Task instructions: Make an exact copy of the entries, taking out every picture.

*** Record set Section Begins ***

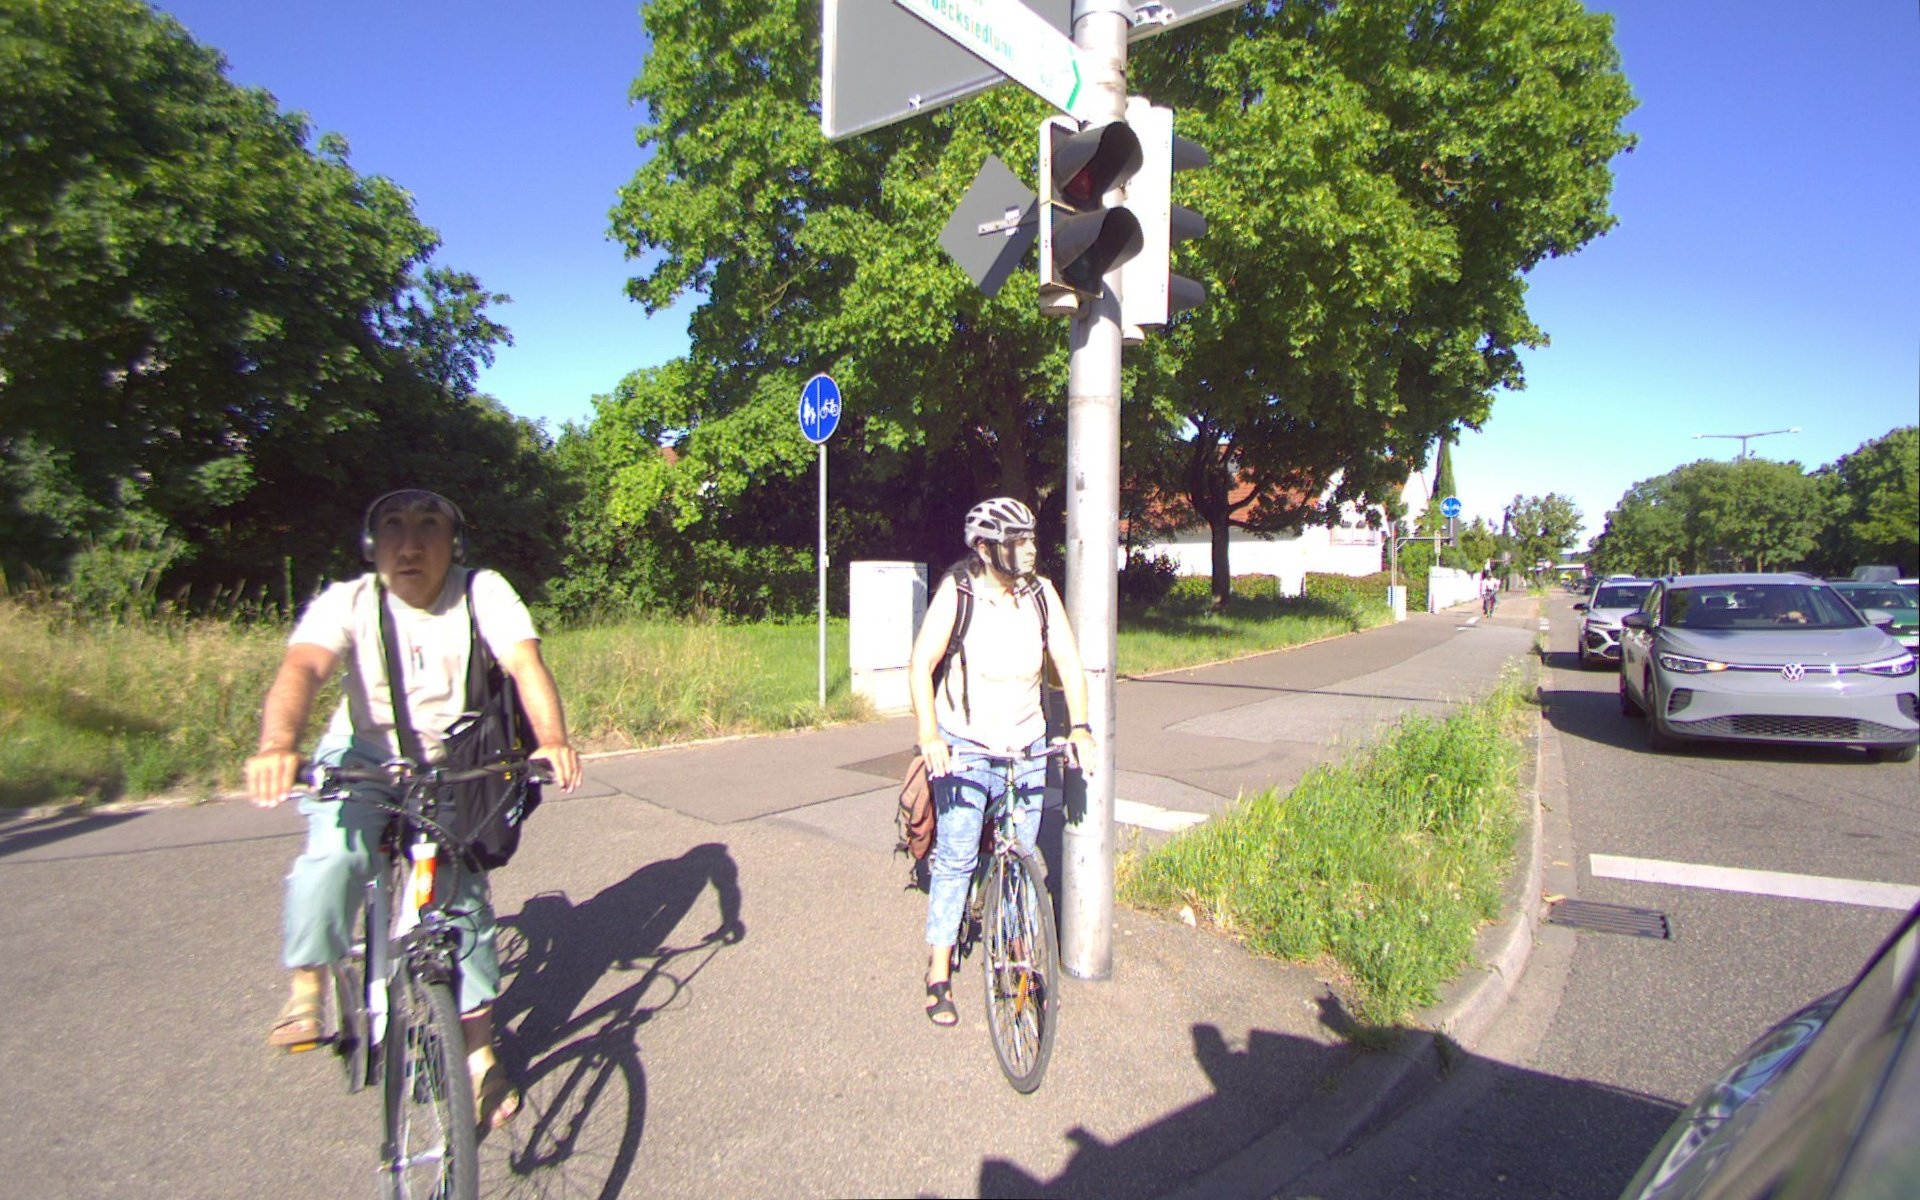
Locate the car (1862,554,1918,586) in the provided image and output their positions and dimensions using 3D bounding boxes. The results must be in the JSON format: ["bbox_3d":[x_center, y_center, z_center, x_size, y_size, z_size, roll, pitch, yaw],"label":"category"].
[{"bbox_3d":[65.169,-2.114,70.984,1.902,2.111,4.491,-2,0,31],"label":"car"}]

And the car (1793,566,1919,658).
[{"bbox_3d":[16.968,0.153,18.664,1.906,1.504,4.315,-2,0,32],"label":"car"}]

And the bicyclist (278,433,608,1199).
[{"bbox_3d":[-1.264,0.471,2.440,0.533,1.654,0.808,-3,5,-36],"label":"bicyclist"}]

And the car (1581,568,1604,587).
[{"bbox_3d":[64.034,-2.298,102.448,1.826,1.820,3.870,-2,0,30],"label":"car"}]

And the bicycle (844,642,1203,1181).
[{"bbox_3d":[0.073,0.803,3.414,0.520,1.089,1.875,-2,5,-19],"label":"bicycle"}]

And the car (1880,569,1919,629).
[{"bbox_3d":[25.234,-0.054,25.905,1.679,1.458,3.870,-2,0,30],"label":"car"}]

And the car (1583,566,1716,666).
[{"bbox_3d":[12.423,0.227,18.451,1.679,1.593,4.077,-2,0,30],"label":"car"}]

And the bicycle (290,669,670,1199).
[{"bbox_3d":[-1.283,0.867,2.486,0.521,1.089,1.872,-3,7,-35],"label":"bicycle"}]

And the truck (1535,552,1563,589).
[{"bbox_3d":[52.146,-2.641,89.672,1.983,3.115,5.747,-2,0,30],"label":"truck"}]

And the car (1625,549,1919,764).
[{"bbox_3d":[7.896,0.402,10.084,1.979,1.661,4.315,-2,0,32],"label":"car"}]

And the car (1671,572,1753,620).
[{"bbox_3d":[26.122,-0.170,35.284,1.906,1.504,4.315,-2,0,32],"label":"car"}]

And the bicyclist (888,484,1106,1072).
[{"bbox_3d":[0.105,0.497,3.272,0.516,1.716,0.587,-2,4,-19],"label":"bicyclist"}]

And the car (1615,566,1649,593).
[{"bbox_3d":[48.757,-1.503,73.459,1.784,1.820,3.870,-2,0,30],"label":"car"}]
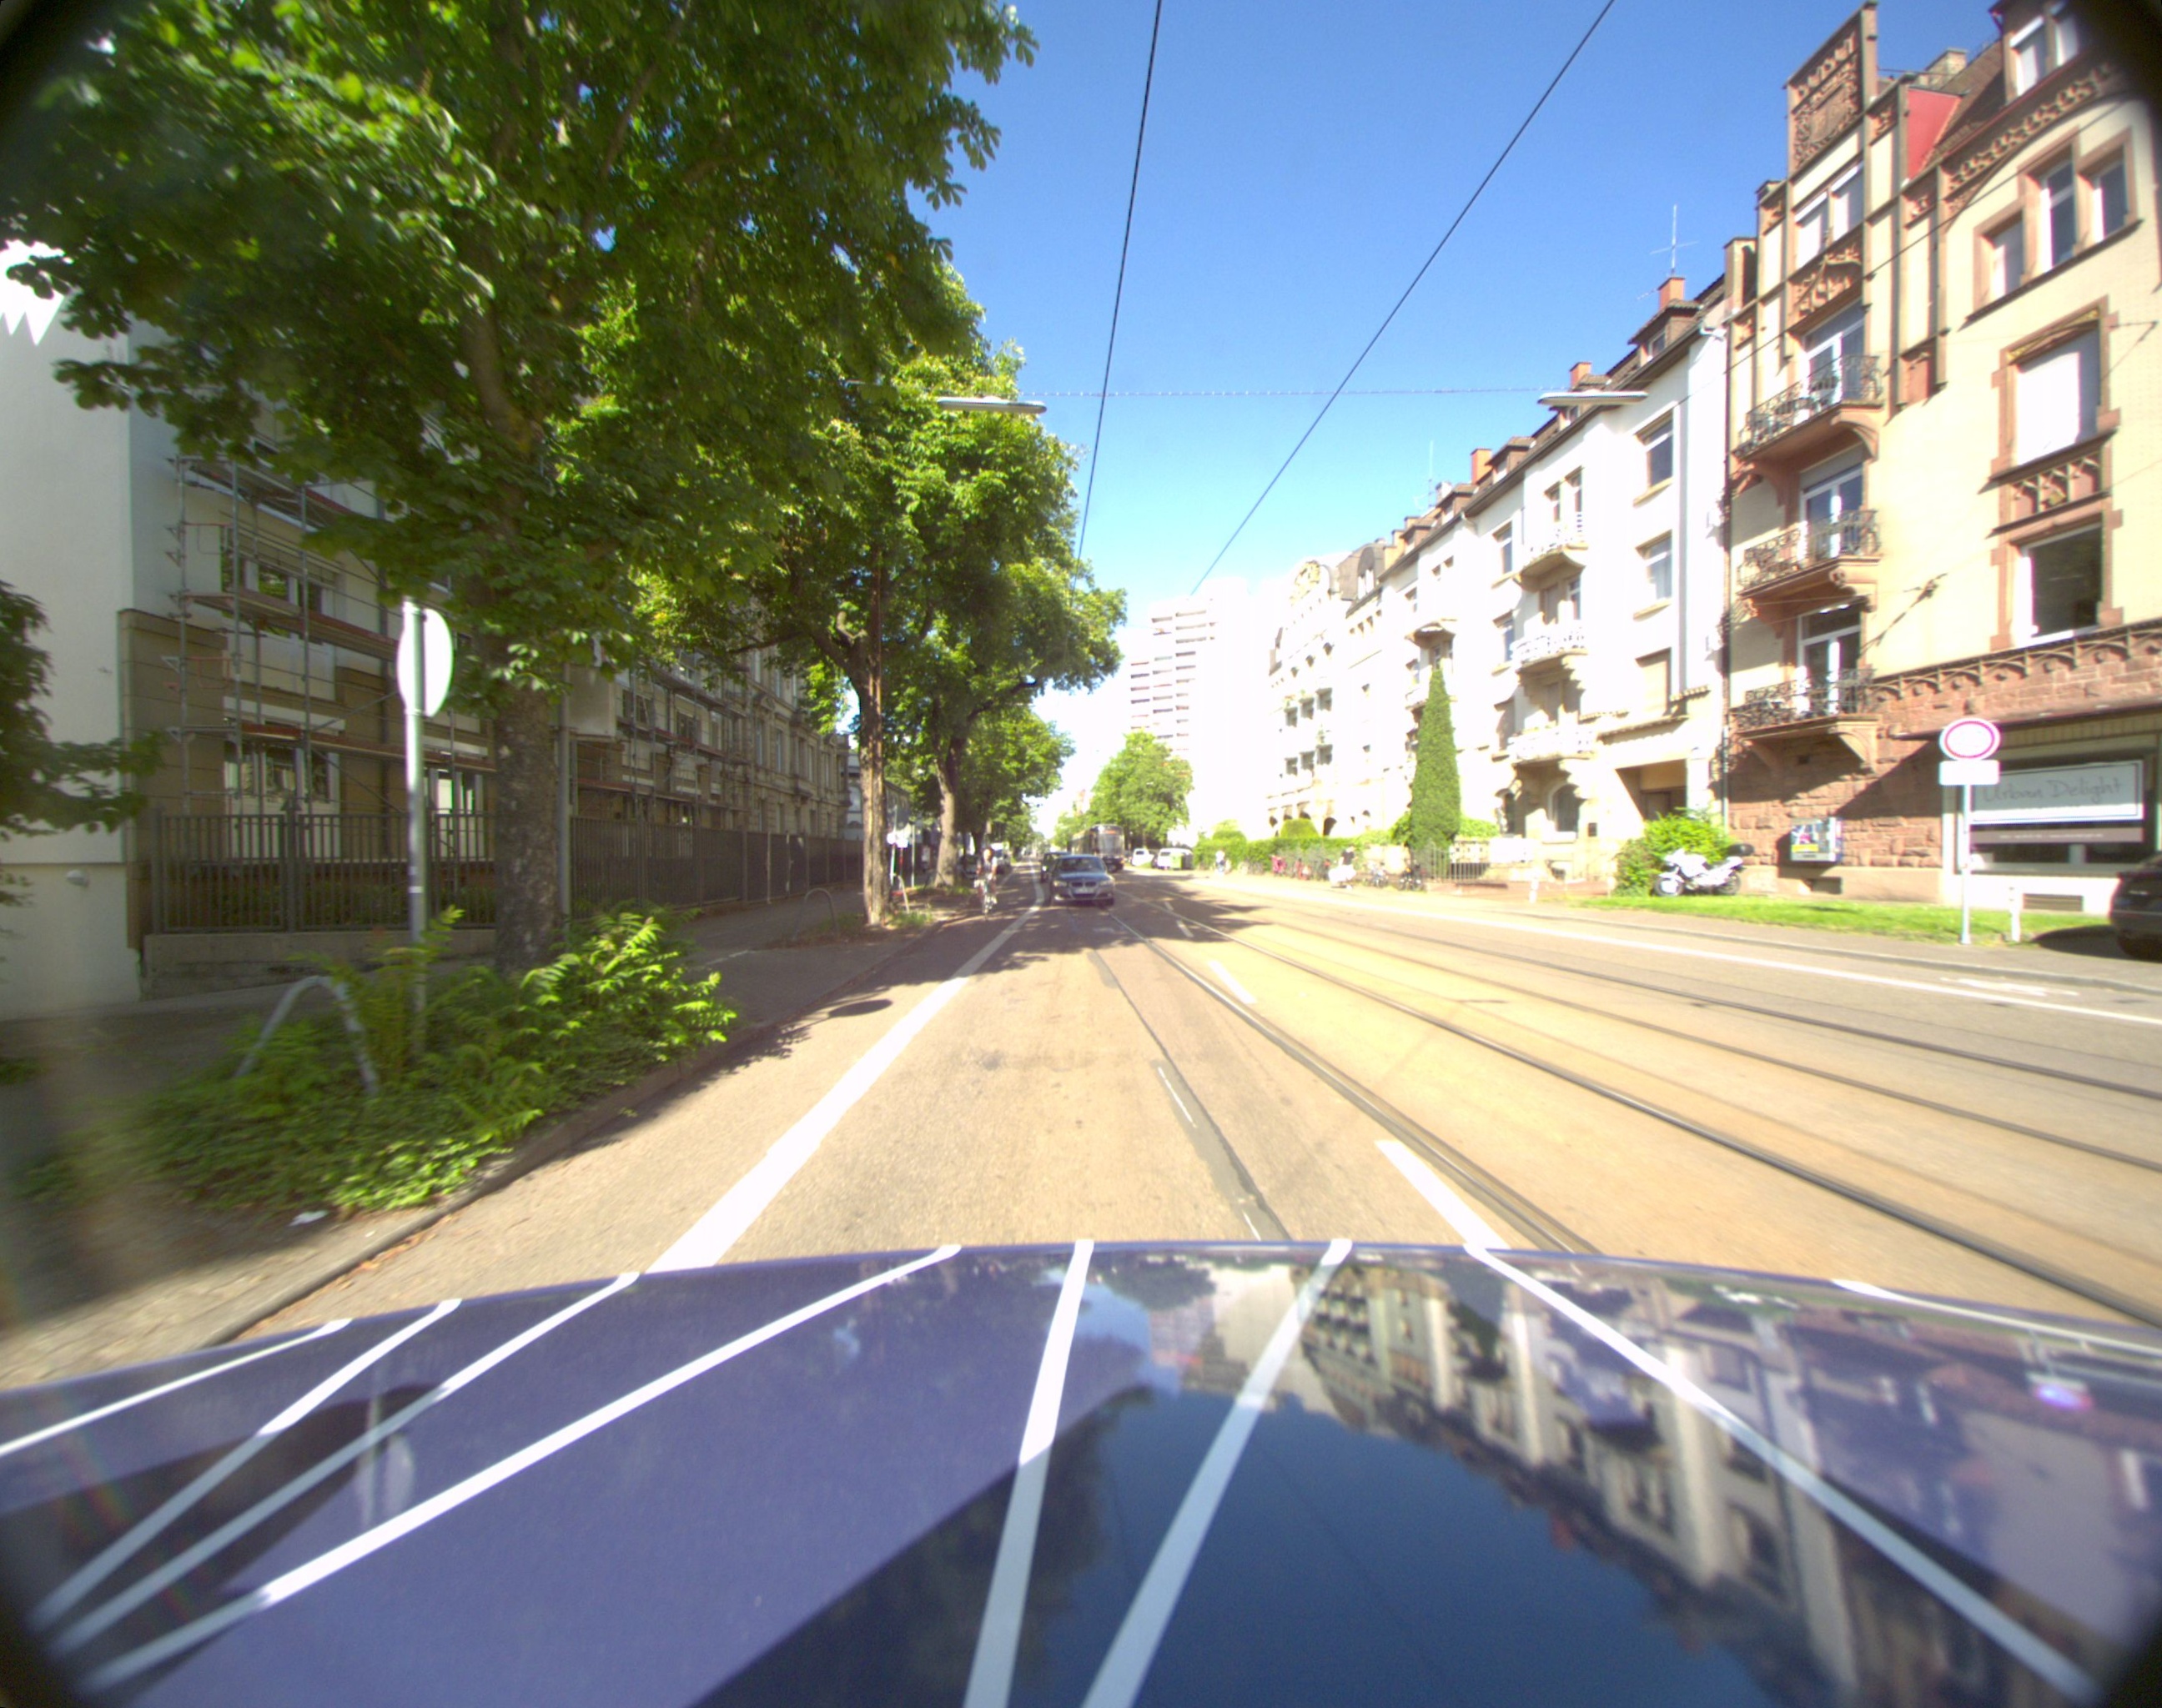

*** Record set Section Ends ***

Task solution:
Locate the car (1862,554,1918,586) in the provided image and output their positions and dimensions using 3D bounding boxes. The results must be in the JSON format: ["bbox_3d":[x_center, y_center, z_center, x_size, y_size, z_size, roll, pitch, yaw],"label":"category"].
[{"bbox_3d":[65.169,-2.114,70.984,1.902,2.111,4.491,-2,0,31],"label":"car"}]

And the car (1793,566,1919,658).
[{"bbox_3d":[16.968,0.153,18.664,1.906,1.504,4.315,-2,0,32],"label":"car"}]

And the bicyclist (278,433,608,1199).
[{"bbox_3d":[-1.264,0.471,2.440,0.533,1.654,0.808,-3,5,-36],"label":"bicyclist"}]

And the car (1581,568,1604,587).
[{"bbox_3d":[64.034,-2.298,102.448,1.826,1.820,3.870,-2,0,30],"label":"car"}]

And the bicycle (844,642,1203,1181).
[{"bbox_3d":[0.073,0.803,3.414,0.520,1.089,1.875,-2,5,-19],"label":"bicycle"}]

And the car (1880,569,1919,629).
[{"bbox_3d":[25.234,-0.054,25.905,1.679,1.458,3.870,-2,0,30],"label":"car"}]

And the car (1583,566,1716,666).
[{"bbox_3d":[12.423,0.227,18.451,1.679,1.593,4.077,-2,0,30],"label":"car"}]

And the bicycle (290,669,670,1199).
[{"bbox_3d":[-1.283,0.867,2.486,0.521,1.089,1.872,-3,7,-35],"label":"bicycle"}]

And the truck (1535,552,1563,589).
[{"bbox_3d":[52.146,-2.641,89.672,1.983,3.115,5.747,-2,0,30],"label":"truck"}]

And the car (1625,549,1919,764).
[{"bbox_3d":[7.896,0.402,10.084,1.979,1.661,4.315,-2,0,32],"label":"car"}]

And the car (1671,572,1753,620).
[{"bbox_3d":[26.122,-0.170,35.284,1.906,1.504,4.315,-2,0,32],"label":"car"}]

And the bicyclist (888,484,1106,1072).
[{"bbox_3d":[0.105,0.497,3.272,0.516,1.716,0.587,-2,4,-19],"label":"bicyclist"}]

And the car (1615,566,1649,593).
[{"bbox_3d":[48.757,-1.503,73.459,1.784,1.820,3.870,-2,0,30],"label":"car"}]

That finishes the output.